Correct corrupted CC value on MIFARE ULC tag
Correct CC value on MIFARE ULC tag if it is corrupted to avoid crash
Change-Id: I57d89d6101ecb55878501bb842271d8bd2e1f81c
diff --git a/src/nfc/include/tags_defs.h b/src/nfc/include/tags_defs.h
index 14d2859..66588cf 100644
--- a/src/nfc/include/tags_defs.h
+++ b/src/nfc/include/tags_defs.h
@@ -202,7 +202,7 @@
#define T2T_TLEN_LOCK_CTRL_TLV 3 /* Tag len for LOCK_CTRL TLV per spec */
#define T2T_TLEN_MEM_CTRL_TLV 3 /* Tag len for MEM_CTRL TLV per spec */
-#define T2T_MAX_SECTOR 2 /* Maximum number of sectors supported */
+#define T2T_MAX_SECTOR 3 /* Maximum number of sectors supported */
#define T2T_TLV_TYPE_LEN 1 /* Tlv type identifier len */
diff --git a/src/nfc/int/rw_int.h b/src/nfc/int/rw_int.h
index 908fd09..ef16926 100644
--- a/src/nfc/int/rw_int.h
+++ b/src/nfc/int/rw_int.h
@@ -191,6 +191,11 @@
#define T2T_BRCM_STATIC_MEM 0x2E01
#define T2T_BRCM_DYNAMIC_MEM 0x2E02
+/* CC2 value on MiFare ULC tag */
+#define T2T_MIFARE_ULC_TMS 0x12
+/* Possible corrupt cc2 value range on MiFare ULC tags */
+#define T2T_INVALID_CC_TMS_VAL0 0x10
+#define T2T_INVALID_CC_TMS_VAL1 0x1F
#define T2T_NDEF_NOT_DETECTED 0x00
#define T2T_NDEF_DETECTED 0x01
#define T2T_NDEF_READ 0x02
diff --git a/src/nfc/tags/rw_t2t.c b/src/nfc/tags/rw_t2t.c
index de2de64..6f03656 100644
--- a/src/nfc/tags/rw_t2t.c
+++ b/src/nfc/tags/rw_t2t.c
@@ -191,6 +191,13 @@
{
p_t2t->b_read_hdr = TRUE;
memcpy (p_t2t->tag_hdr, p, T2T_READ_DATA_LEN);
+ /* On Ultralight - C tag, if CC is corrupt, correct it */
+ if ( (p_t2t->tag_hdr[0] == TAG_MIFARE_MID)

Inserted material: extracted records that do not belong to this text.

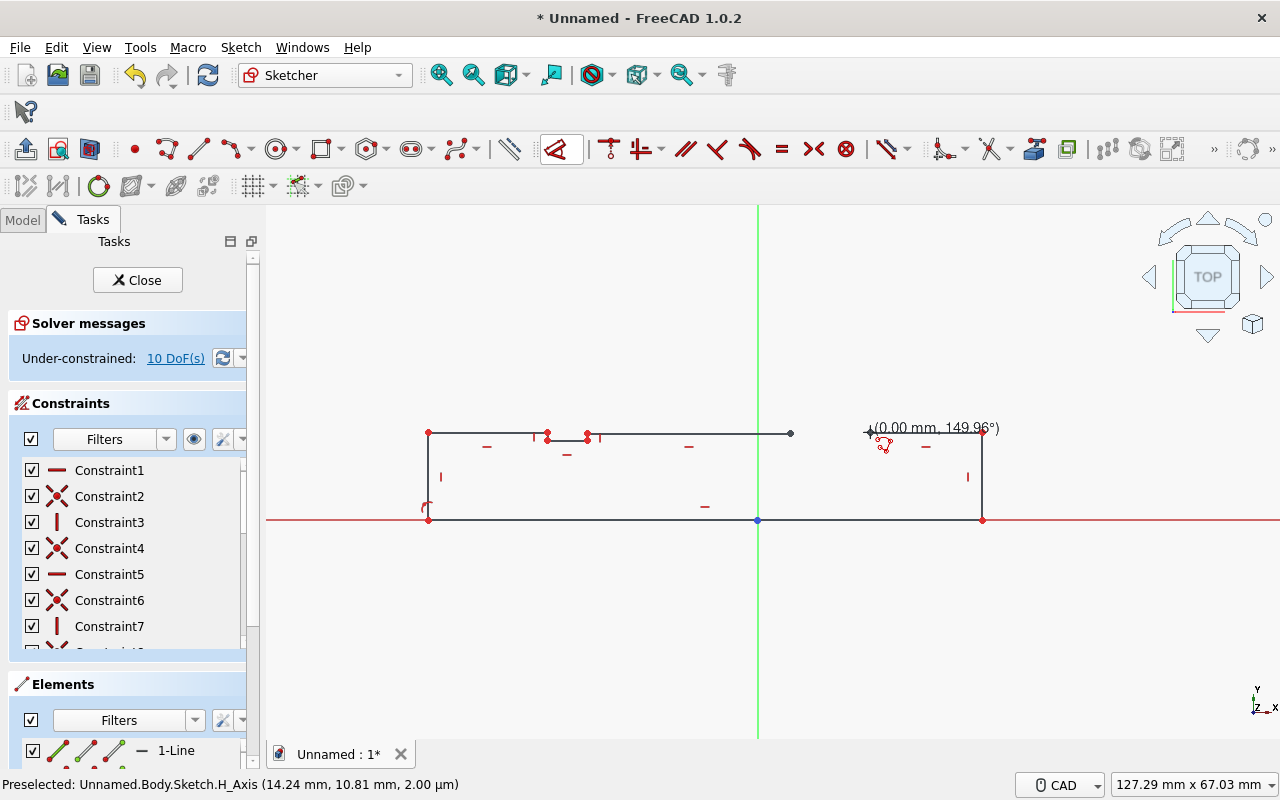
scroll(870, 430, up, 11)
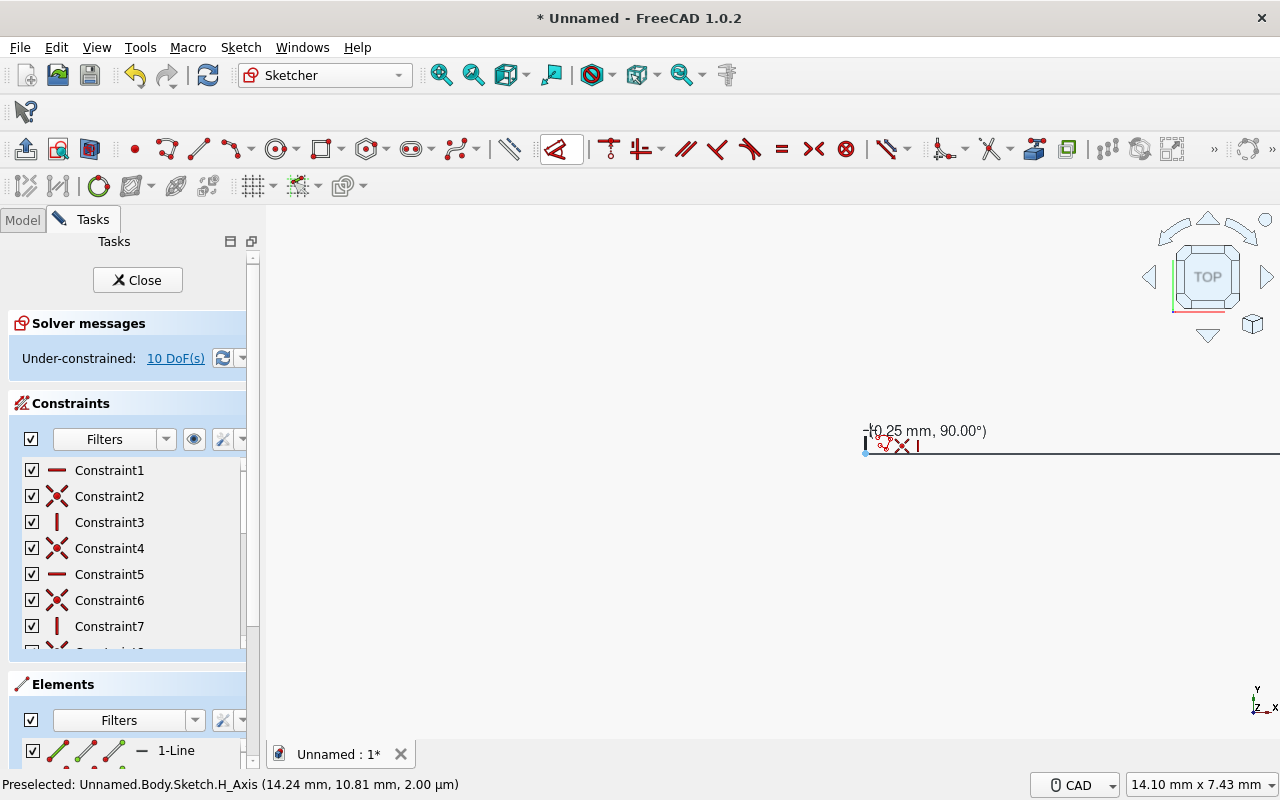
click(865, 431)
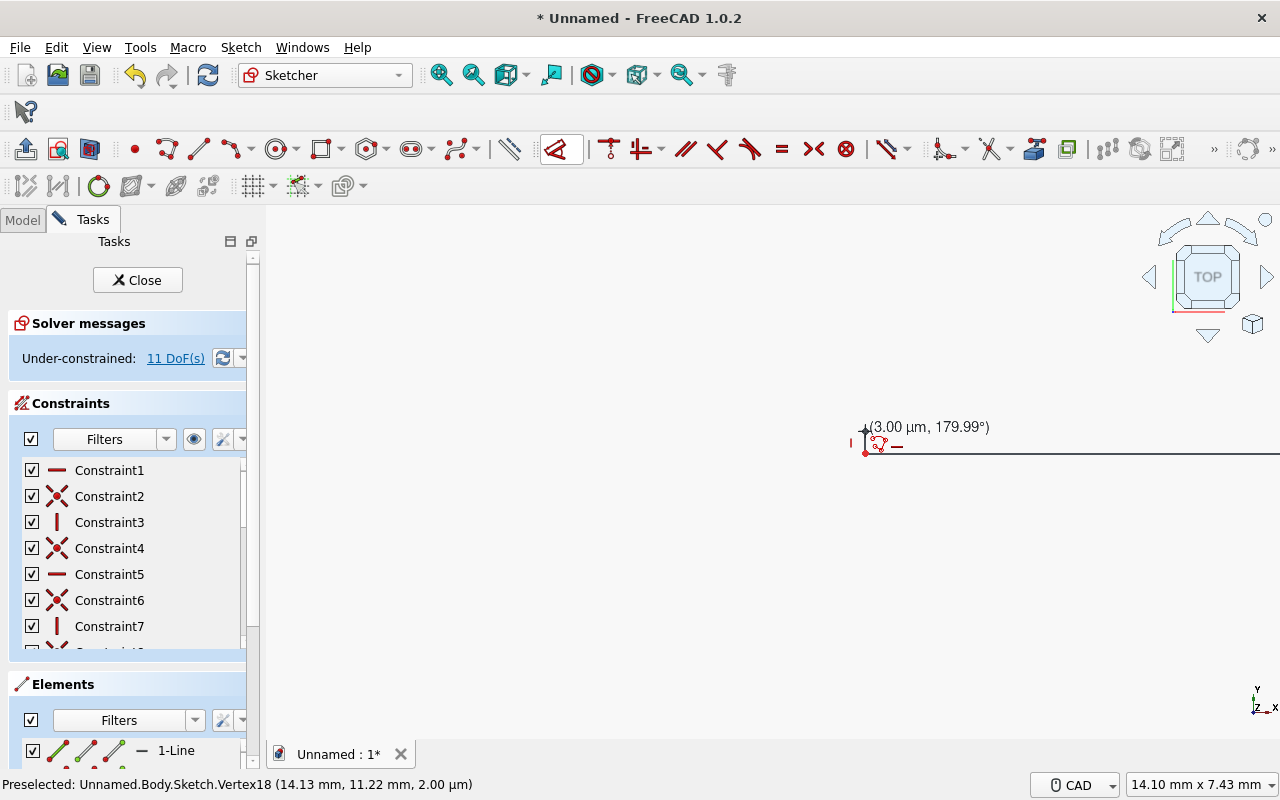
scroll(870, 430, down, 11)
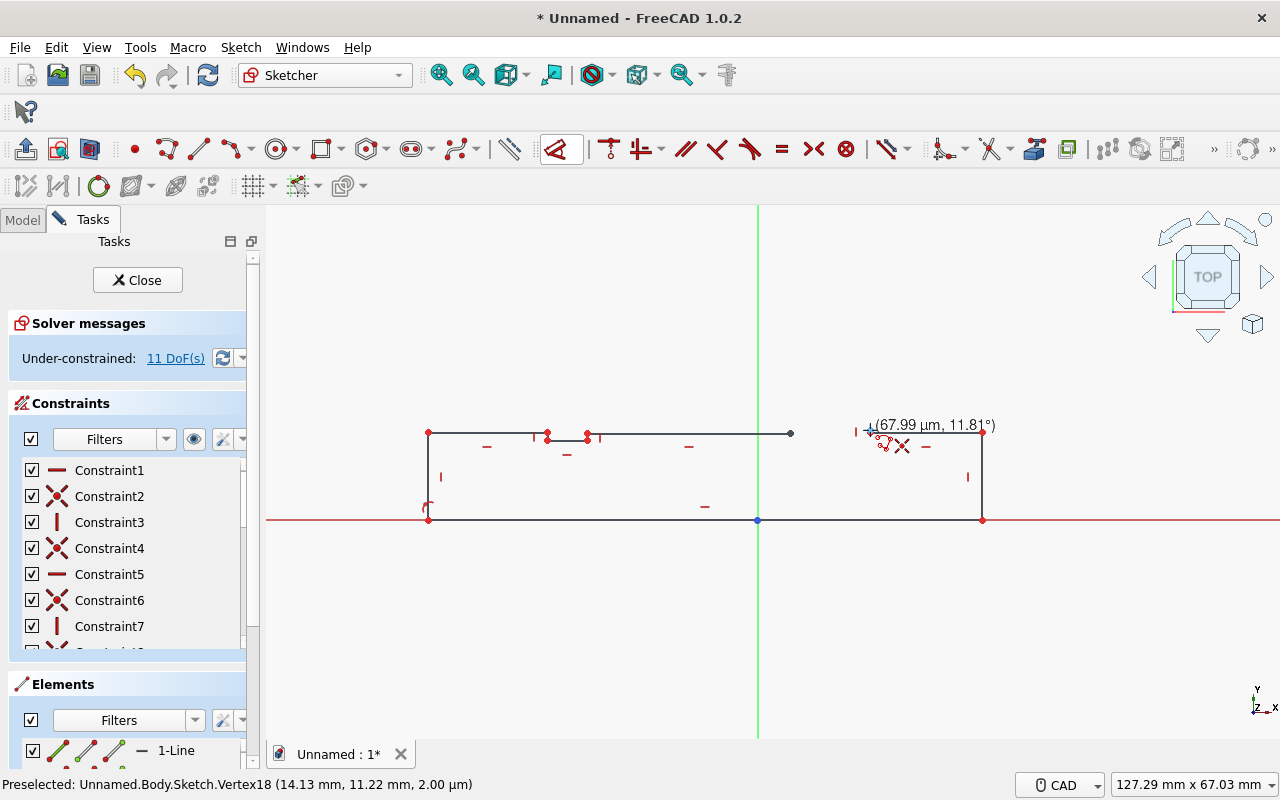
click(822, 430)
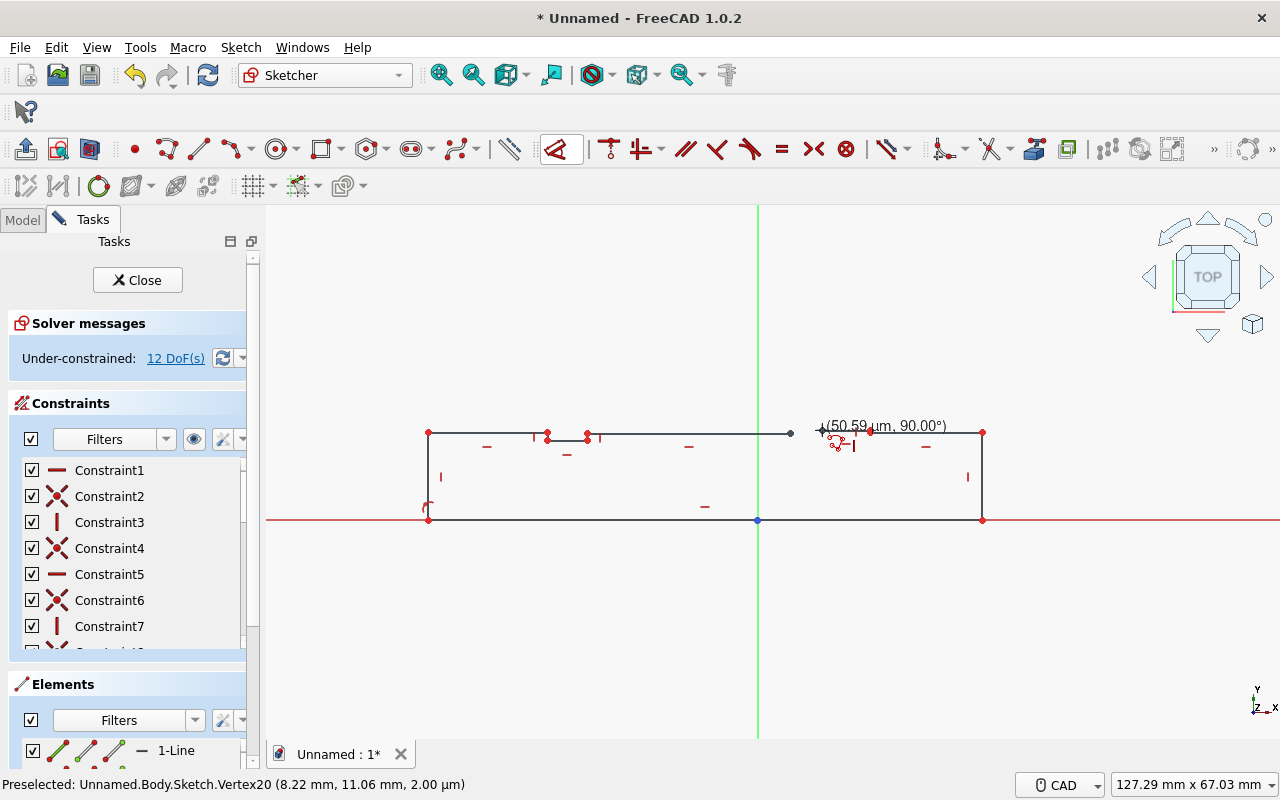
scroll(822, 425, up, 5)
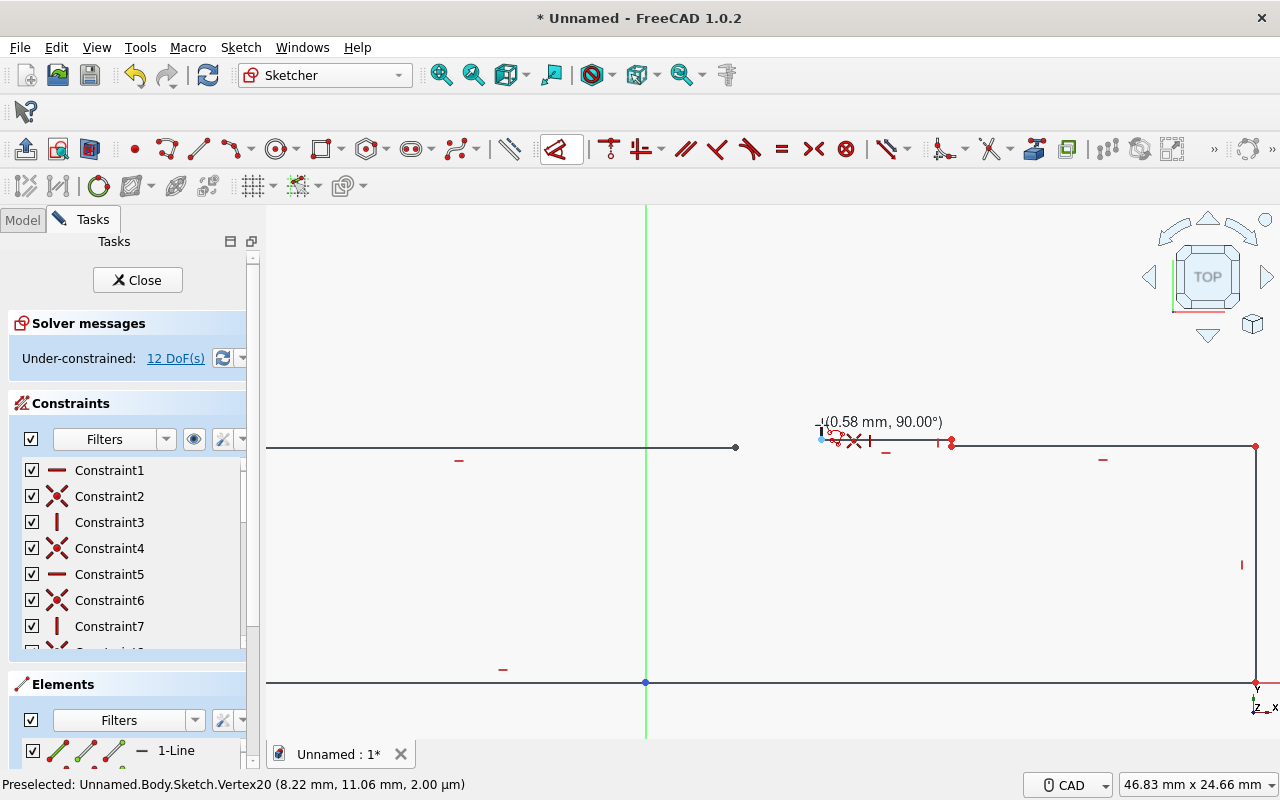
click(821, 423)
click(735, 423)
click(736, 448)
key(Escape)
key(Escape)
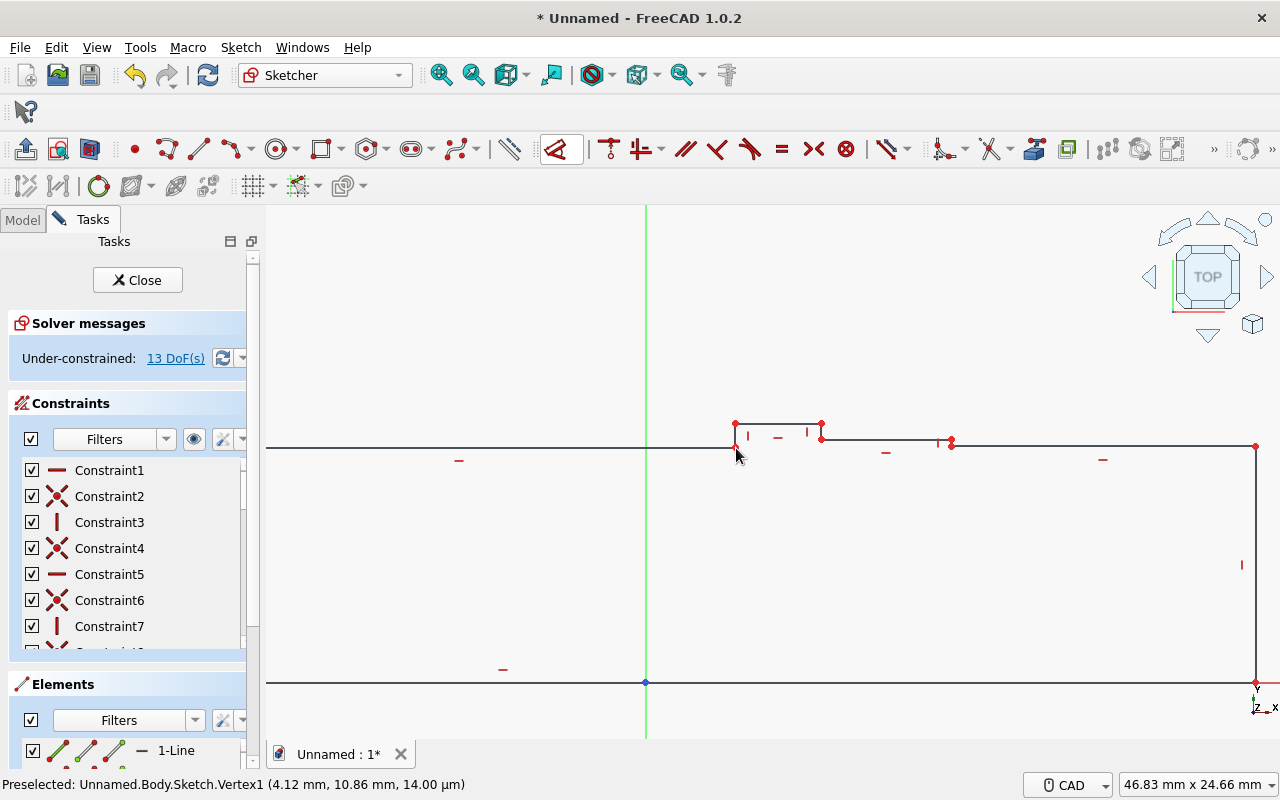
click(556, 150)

+ &&(p_t2t->tag_hdr[T2T_CC2_TMS_BYTE] >= T2T_INVALID_CC_TMS_VAL0)
+ &&(p_t2t->tag_hdr[T2T_CC2_TMS_BYTE] <= T2T_INVALID_CC_TMS_VAL1) )
+ {
+ p_t2t->tag_hdr[T2T_CC2_TMS_BYTE] = T2T_CC2_TMS_MULC;
+ }
}
break;
diff --git a/src/nfc/tags/rw_t2t_ndef.c b/src/nfc/tags/rw_t2t_ndef.c
index f9ba79f..5e2a197 100644
--- a/src/nfc/tags/rw_t2t_ndef.c
+++ b/src/nfc/tags/rw_t2t_ndef.c
@@ -88,6 +88,13 @@
{
p_t2t->b_read_hdr = TRUE;
memcpy (p_t2t->tag_hdr, p_data, T2T_READ_DATA_LEN);
+ /* On Ultralight - C tag, if CC is corrupt, correct it */
+ if ( (p_t2t->tag_hdr[0] == TAG_MIFARE_MID)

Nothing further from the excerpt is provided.